The first subjects in this field were announced in a US review study by Kobashigawa. They said that the HMG-COA-reductase inhibitory drugs such as simvastatin can effectively improve autoimmune diseases like Vitiligo due to their immunosuppressive effects (15). Another review study by Namazi in Shiraz announced that statins, especially simvastatin, create significant changes in the immune system due to their effects on macrophages and T-helper lymphocytes, as well as with induction of inflammatory path and production of NO, which can be effective in improving skin diseases with autoimmne origin such as Vitiligo (16).

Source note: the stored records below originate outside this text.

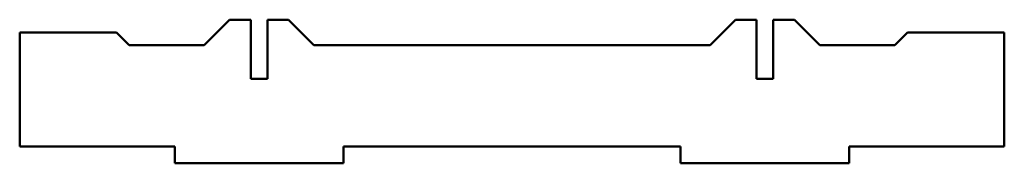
# Model space of a CAD drawing. Header units: millimetres. Extents: x 0 to 1168, y -20 to 150.
import ezdxf

# ---------------------------------------------------------------- set-up
doc = ezdxf.new("R2010")
doc.units = ezdxf.units.MM
doc.linetypes.add('K5LT32768', pattern=[0])
doc.layers.add('Видимый контур (ГОСТ)', color=7, linetype='Continuous')

msp = doc.modelspace()

# ---------------------------------------------------------------- linework, layer by layer
at = {"layer": 'Видимый контур (ГОСТ)', "color": 7, "linetype": 'K5LT32768', "lineweight": 50}
for p, q in [((249, 150), (219, 120)), ((249, 150), (274, 150)), ((274, 80), (274, 150)), ((294, 150), (319, 150)), ((294, 150), (294, 80)), ((349, 120), (319, 150)), ((849, 150), (819, 120)), ((849, 150), (874, 150)), ((874, 80), (874, 150)), ((894, 150), (919, 150)), ((894, 150), (894, 80)), ((949, 120), (919, 150)), ((115, 135), (0, 135)), ((0, 0), (0, 135)), ((130, 120), (115, 135)), ((1053, 135), (1038, 120)), ((1168, 135), (1053, 135)), ((1168, 135), (1168, 0)), ((219, 120), (130, 120)), ((819, 120), (349, 120)), ((1038, 120), (949, 120)), ((294, 80), (274, 80)), ((894, 80), (874, 80)), ((184, 0), (0, 0)), ((184, -20), (184, 0)), ((384, 0), (384, -20)), ((784, 0), (384, 0)), ((784, -20), (784, 0)), ((984, 0), (984, -20)), ((1168, 0), (984, 0)), ((384, -20), (184, -20)), ((984, -20), (784, -20))]:
    msp.add_line(p, q, dxfattribs=at)

doc.saveas('drawing.dxf')
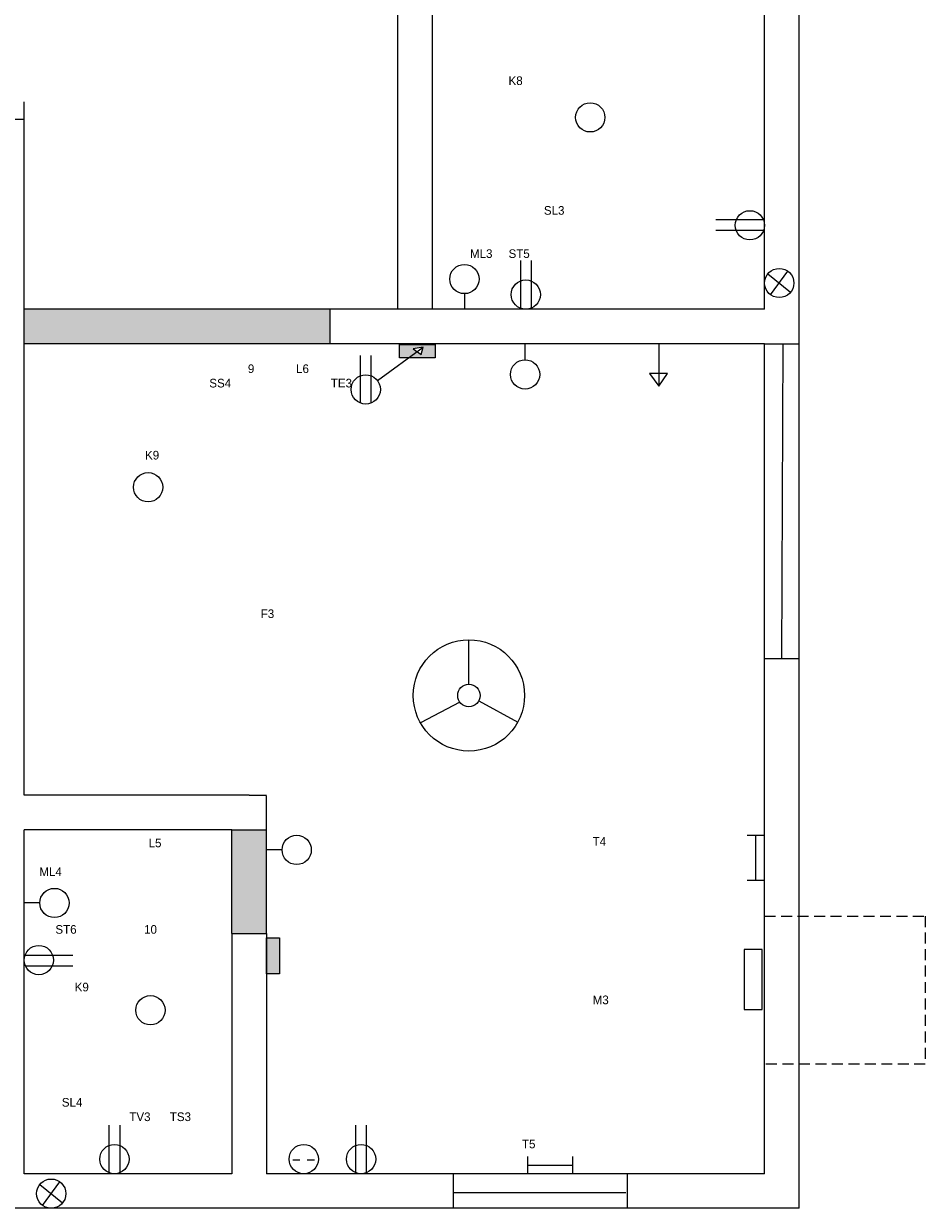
# Model space of a CAD drawing. Header units: millimetres. Extents: x 934 to 1772, y 802 to 1677.
# Tile 2 of 6: x 1210 to 1470, y 887 to 1230. Entities that reach past the tile are written whole.
import ezdxf

# ---------------------------------------------------------------- set-up
doc = ezdxf.new("R2010")
doc.units = ezdxf.units.MM
doc.linetypes.add('HIDDEN2', pattern=[4.7625, 3.175, -1.5875])

msp = doc.modelspace()

# ---------------------------------------------------------------- hatches: boundary and pattern name
at = {"linetype": 'HIDDEN2'}
msp.add_hatch(color=2, dxfattribs=at).paths.add_polyline_path([(1298.18, 1147.26), (1257.87, 1147.26), (1209.87, 1147.26), (1209.87, 1137.26), (1257.87, 1137.26), (1298.18, 1137.26)])
for color, points in [(5, [(1328.69, 1137.03), (1318.31, 1137.03), (1318.31, 1133.2), (1320.87, 1133.2), (1323.37, 1135.03), (1322.31, 1135.79), (1325.13, 1136.32), (1324.6, 1134.16), (1323.37, 1135.03), (1320.87, 1133.2), (1328.69, 1133.2)]), (2, [(1279.87, 996.76), (1269.87, 996.76), (1269.87, 966.76), (1279.87, 966.76)]), (5, [(1283.7, 965.47), (1279.87, 965.47), (1279.87, 955.1), (1283.7, 955.1)])]:
    msp.add_hatch(color=color).paths.add_polyline_path(points)

# ---------------------------------------------------------------- linework, layer by layer
for p, q in [((1423.87, 1147.26), (1423.87, 1248.26)), ((1433.87, 1142.26), (1433.87, 1248.26)), ((1317.87, 1147.26), (1317.87, 1243.26)), ((1327.87, 1147.26), (1327.87, 1243.26)), ((1209.87, 1202.26), (1209.87, 1207.26)), ((1199.87, 1202.26), (1209.87, 1202.26)), ((1209.87, 1006.76), (1209.87, 1202.26)), ((1423.51, 1173.14), (1409.75, 1173.14)), ((1423.56, 1170.05), (1409.75, 1170.05)), ((1353.36, 1147.53), (1353.36, 1161.34)), ((1356.45, 1147.58), (1356.45, 1161.34)), ((1425.6, 1151.45), (1430.61, 1158.28)), ((1424.83, 1157.55), (1431.38, 1152.18)), ((1337.09, 1151.78), (1337.09, 1147.26)), ((1257.87, 1147.26), (1209.87, 1147.26)), ((1322.87, 1147.26), (1257.87, 1147.26)), ((1298.18, 1147.26), (1298.18, 1137.26)), ((1423.87, 1147.26), (1322.87, 1147.26)), ((1423.87, 1147.26), (1327.87, 1147.26)), ((1433.87, 1046.26), (1433.87, 1142.26)), ((1257.87, 1137.26), (1209.87, 1137.26)), ((1322.87, 1137.26), (1257.87, 1137.26)), ((1311.93, 1126.66), (1325.13, 1136.32)), ((1325.13, 1136.32), (1322.31, 1135.79)), ((1322.31, 1135.79), (1324.6, 1134.16)), ((1423.87, 1137.26), (1322.87, 1137.26)), ((1324.6, 1134.16), (1325.13, 1136.32)), ((1354.62, 1132.65), (1354.62, 1137.16)), ((1393.29, 1137.31), (1393.29, 1124.98)), ((1423.87, 1046.26), (1423.87, 1137.26)), ((1307.09, 1120.13), (1307.09, 1133.94)), ((1310.18, 1120.18), (1310.18, 1133.94)), ((1395.76, 1128.64), (1390.59, 1128.64)), ((1390.59, 1128.64), (1393.29, 1124.98)), ((1393.29, 1124.98), (1395.76, 1128.64)), ((1338.4, 1038.84), (1338.4, 1051.68)), ((1423.87, 897.26), (1423.87, 1046.26)), ((1433.87, 887.26), (1433.87, 1046.26)), ((1335.8, 1033.62), (1324.39, 1027.65)), ((1341.24, 1034.01), (1352.51, 1027.86)), ((1274.87, 1006.76), (1209.87, 1006.76)), ((1274.87, 1006.76), (1279.87, 1006.76)), ((1279.87, 966.76), (1279.87, 1006.59)), ((1209.87, 897.26), (1209.87, 996.76)), ((1269.87, 996.76), (1209.87, 996.76)), ((1269.87, 966.76), (1269.87, 996.76)), ((1269.87, 996.76), (1279.87, 996.76)), ((1418.79, 995.14), (1423.78, 995.14)), ((1421.23, 995.14), (1421.23, 982.14)), ((1284.39, 990.9), (1279.87, 990.9)), ((1418.79, 982.14), (1423.78, 982.14)), ((1214.39, 975.56), (1209.87, 975.56)), ((1269.87, 966.76), (1269.87, 897.26)), ((1269.87, 966.76), (1279.87, 966.76)), ((1279.87, 966.76), (1279.87, 897.26)), ((1210.14, 960.52), (1223.95, 960.52)), ((1210.19, 957.43), (1223.95, 957.43)), ((1234.47, 897.53), (1234.47, 911.34)), ((1237.56, 897.58), (1237.56, 911.34)), ((1305.74, 897.53), (1305.74, 911.34)), ((1308.83, 897.58), (1308.83, 911.34)), ((1287.47, 901.24), (1289.49, 901.24)), ((1291.61, 901.32), (1293.81, 901.32)), ((1355.42, 897.26), (1355.42, 902.26)), ((1368.43, 897.26), (1368.43, 902.26)), ((1355.42, 899.7), (1368.43, 899.7)), ((1269.87, 897.26), (1209.87, 897.26)), ((1214.4, 894.18), (1220.94, 888.81)), ((1215.16, 888.08), (1220.17, 894.91)), ((1423.87, 897.26), (1279.87, 897.26)), ((1274.87, 887.26), (1204.87, 887.26)), ((1433.87, 887.26), (1274.87, 887.26))]:
    msp.add_line(p, q)
at = {"color": 3}
for p, q in [((1423.87, 1137.26), (1433.87, 1137.26)), ((1428.87, 1046.26), (1429.25, 1137.23)), ((1423.87, 1046.26), (1433.87, 1046.26)), ((1333.97, 887.26), (1333.97, 897.26)), ((1384.09, 897.26), (1384.09, 887.26)), ((1383.79, 891.75), (1334.16, 891.75))]:
    msp.add_line(p, q, dxfattribs=at)
at = {"linetype": 'HIDDEN2'}
for p, q in [((1423.87, 971.76), (1470.29, 971.76)), ((1470.29, 971.76), (1470.29, 928.97)), ((1470.29, 928.97), (1423.87, 928.97))]:
    msp.add_line(p, q, dxfattribs=at)
for points in [[(1318.31, 1137.03), (1328.69, 1137.03), (1328.69, 1133.2), (1318.31, 1133.2)], [(1283.7, 965.47), (1283.7, 955.1), (1279.87, 955.1), (1279.87, 965.47)], [(1423.15, 962.09), (1417.9, 962.09), (1417.9, 944.75), (1423.15, 944.75)]]:
    msp.add_lwpolyline(points, close=True)
for centre, radius in [((1373.47, 1202.76), 4.23), ((1419.59, 1171.54), 4.23), ((1337.09, 1156.01), 4.23), ((1428.1, 1154.86), 4.23), ((1354.84, 1151.5), 4.23), ((1354.62, 1128.41), 4.23), ((1308.57, 1124.09), 4.23), ((1245.69, 1095.8), 4.23), ((1338.4, 1035.58), 16.09), ((1338.4, 1035.58), 3.25), ((1288.62, 990.9), 4.23), ((1218.62, 975.56), 4.23), ((1214.1, 959.04), 4.23), ((1246.35, 944.55), 4.23), ((1235.95, 901.5), 4.23), ((1290.67, 901.5), 4.23), ((1307.22, 901.5), 4.23), ((1217.67, 891.5), 4.23)]:
    msp.add_circle(centre, radius)

# ---------------------------------------------------------------- texts
at = {"char_height": 2.5, "attachment_point": 1}
for s, insert, width in [('            K8\\P\\P\\P\\P\\P\\P\\P\\P\\P                       SL3\\P\\P\\PML3     ST5\\P\\P\\P   ', (1338.7, 1214.61), 85.1698), ('                                   \\P                                       \\P\\P\\P\\P\\P\\P\\P                                 9             L6       \\P                     SS4                               TE3\\P\\P\\P\\P\\P K9\\P\\P \\P\\P\\P\\P\\P  \\P\\P\\P\\P                                     F3         ', (1243.86, 1164.66), 156.7171), ('\\P\\P                                  L5\\P\\PML4\\P        \\P\\P\\P     ST6                     10\\P\\P\\P\\P           K9\\P\\P\\P\\P\\P\\P\\P\\P       SL4              \\P                            TV3      TS3', (1214.24, 1002.51), 109.5858), ('\\P                        T4\\P\\P\\P\\P\\P\\P\\P\\P\\P\\P\\P                        M3\\P\\P\\P\\P\\P\\P\\P\\P\\P\\P  T5', (1351.87, 998.8), 76.865)]:
    msp.add_mtext(s, dxfattribs=dict(at, insert=insert, width=width))

doc.saveas('drawing.dxf')

Even though light therapy has been raised as an effective therapeutic method for Vitiligo, the long-term and referral necessity of treatment centers requires to be followed to find a method for its known complications to increase its impact. Despite some extent targeted local drugs, there is not an effective systematic treatment that can be used alone or along with light therapy in patients with Vitiligo; the impact of some drugs, such as systematic corticosteroids with different regimes (12), antioxidants such as vitamin E and minocycline have not been helpful and can be raised practically in guidelines. As a result of the lack of certainty regarding the pathogenesis of diseases and the critical role that the immune system plays in them, the new articles suggest that research and investigation should focus on low-complication immunosuppressive drugs such as methotrexate, cyclosporine, and melanocyte stimulating hormone (MSH). Compounds such as afamelanotide ([Nle4-D-Phe7]-alpha-MSH), management, and sometimes hopeless assistance with mental support for patients, even in monotherapy forms, as well as stem cells and gene therapy (17). Thus, the current study on low-complication and cheap drugs like simvastatin can be the onset of more efforts to assist patients and future research. Furthermore, multicenter studies with higher sample volume, high treatment duration, and time tracking after leaving the treatment for the return of depigmentation are strongly recommended.
5.1. Conclusions
Based on the results, it is inferred that oral simvastatin can efficiently treat the skin lesions of Vitiligo and does not have many lateral complications, and its use with light therapy in those with Vitiligo is recommended. Finally, multicenter studies were proposed with higher sample volume, high treatment duration, time tracking after leaving the treatment for return of depigmentation, investigation of patients with Dermatology Life Quality Index (DLQI) criterion, the effect of simvastatin on the decrease in the number of phototherapy sessions, use of other newer statins, comparison with different results of therapeutic methods, or others in sufferers with Vitiligo.
According to related laboratory investigations, the CBC changes, liver enzymes, and kidney performance tests were investigated in two groups using the same paired t-statistical method. Triglycerides and cholesterol were reduced in the simvastatin group.